Pan Eugeniusz mówi wprost, że nie ma się gdzie podziać. – To jest niedorzeczność, żeby mnie, emerytowanemu kierowcy, dzisiaj w naszym kraju nie było gdzie się przespać – skarży się Eugeniusz Pawlik.
MOPS bezradnie rozkłada ręce. – Pan Pawlik nie chce korzystać z naszej pomocy, proponowaliśmy schronisko w Żukowicach, ale za każdym razem odmawiał – tłumaczy Danuta Dziadowicz, pracownik socjalny MOPS.
Bez zgody bezdomnego pomóc nie może też policja. – Kiedy na dworze robi się zimniej, organizujemy wiele akcji, by pomóc bezdomnym. W tej sytuacji, bez zgody pana Eugeniusza, nie możemy jednak nic zrobić – mówi Jan Pociecha, oficer prasowy lubińskiej policji.

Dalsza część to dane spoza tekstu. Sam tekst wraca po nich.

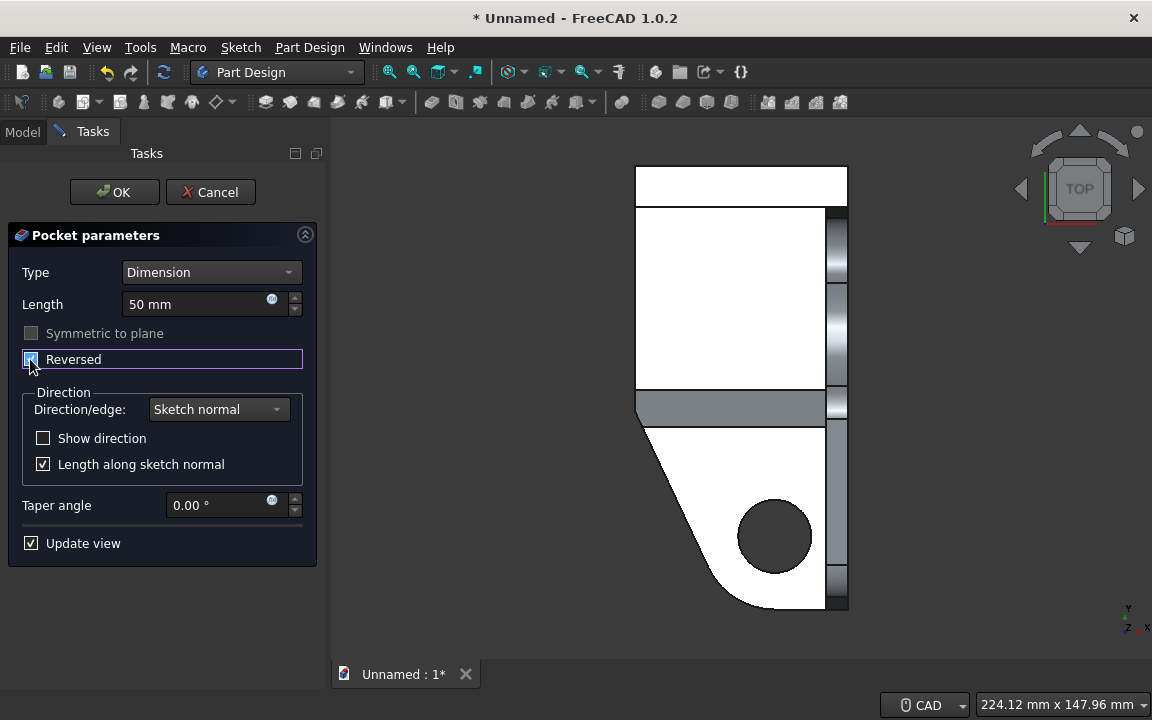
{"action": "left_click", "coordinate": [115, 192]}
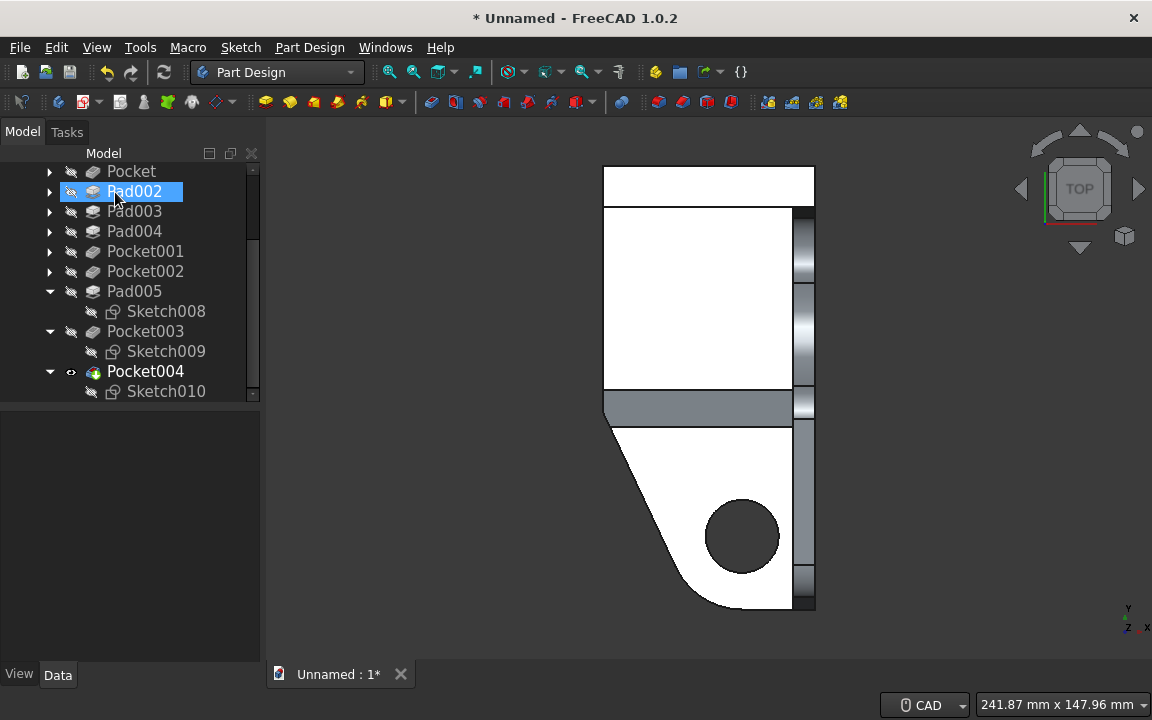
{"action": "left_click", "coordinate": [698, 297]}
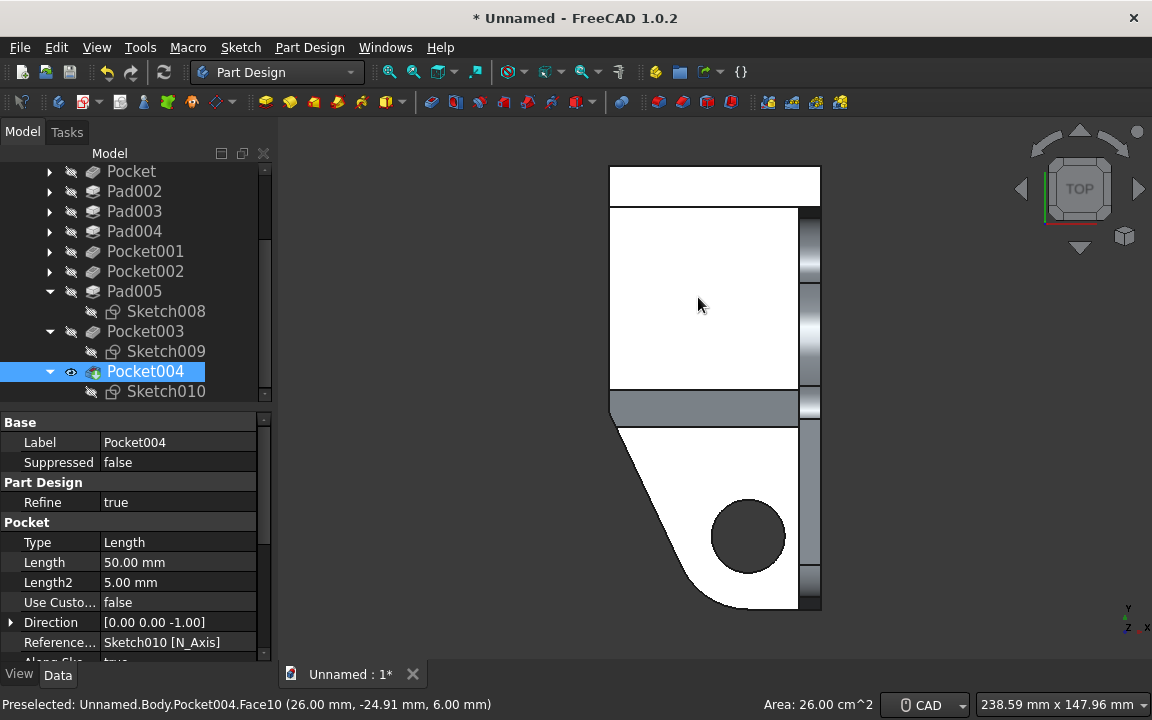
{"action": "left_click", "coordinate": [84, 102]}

Pomóc postanowili za to mieszkańcy ulicy Mickiewicza. Choć wielu z nich jest oburzonych stałą obecnością bezdomnego na przystanku, i tak jak pan Łukasz mówią wprost, że przeszkadza im brzydki zapach, który rozchodzi się wokół bezdomnego, znaleźli się i tacy, którzy przynoszą mu herbatę i kanapki.
Przykry zapach nie jest jednak wykroczeniem. Mężczyzna sypiając na przystanku nie popełnia przestępstwa. – Gdyby mieszkańcy donieśli o popełnionym wykroczeniu przez taką osobę, wtedy byłoby nam łatwiej ją zatrzymać, a tak możemy tylko starać się przekonać, by bezdomny skorzystał z pomocy MOPS-u – dodaje oficer prasowy lubińskiej policji.
Eugeniusz Pawlik mówi, że po Lubinie tułać się będzie do 15 grudnia. Wtedy bowiem zakończy się remont noclegowni, w której zamierza nocować. Pozostaje tylko mieć nadzieję, że pogoda będzie mu sprzyjać, bo nawet najmniejsze mrozy mogą się okazać śmiertelnie niebezpieczne.